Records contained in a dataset
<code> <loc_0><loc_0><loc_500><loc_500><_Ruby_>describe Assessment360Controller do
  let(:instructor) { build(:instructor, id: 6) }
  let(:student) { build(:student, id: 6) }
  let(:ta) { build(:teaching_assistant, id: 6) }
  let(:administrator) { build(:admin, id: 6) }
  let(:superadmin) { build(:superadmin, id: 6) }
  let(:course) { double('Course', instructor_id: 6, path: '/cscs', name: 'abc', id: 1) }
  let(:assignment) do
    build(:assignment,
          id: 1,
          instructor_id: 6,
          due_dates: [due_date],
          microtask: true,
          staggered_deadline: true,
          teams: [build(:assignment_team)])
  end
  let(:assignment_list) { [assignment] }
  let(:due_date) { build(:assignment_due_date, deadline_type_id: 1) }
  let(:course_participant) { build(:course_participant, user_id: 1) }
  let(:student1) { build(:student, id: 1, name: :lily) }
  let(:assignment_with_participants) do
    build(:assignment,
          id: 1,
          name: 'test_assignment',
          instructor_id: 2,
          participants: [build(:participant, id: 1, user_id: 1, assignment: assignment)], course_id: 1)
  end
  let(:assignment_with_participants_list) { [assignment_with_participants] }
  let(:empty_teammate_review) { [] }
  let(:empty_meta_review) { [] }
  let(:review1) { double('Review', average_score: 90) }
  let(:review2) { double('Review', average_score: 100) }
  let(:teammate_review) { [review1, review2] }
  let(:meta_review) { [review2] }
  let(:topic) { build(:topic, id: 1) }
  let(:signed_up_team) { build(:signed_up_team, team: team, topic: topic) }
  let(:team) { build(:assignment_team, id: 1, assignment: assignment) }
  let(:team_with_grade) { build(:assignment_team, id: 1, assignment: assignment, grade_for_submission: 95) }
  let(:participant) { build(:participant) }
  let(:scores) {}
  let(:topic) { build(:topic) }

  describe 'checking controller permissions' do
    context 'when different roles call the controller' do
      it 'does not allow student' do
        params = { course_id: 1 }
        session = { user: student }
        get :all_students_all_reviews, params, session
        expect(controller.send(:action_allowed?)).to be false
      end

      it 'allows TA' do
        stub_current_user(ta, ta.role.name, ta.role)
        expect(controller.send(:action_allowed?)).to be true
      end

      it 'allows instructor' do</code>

REQUIRED WORK>
Bring together every line in the entries that holds the string "true".

RESULT>
          microtask: true,
          staggered_deadline: true,
        expect(controller.send(:action_allowed?)).to be true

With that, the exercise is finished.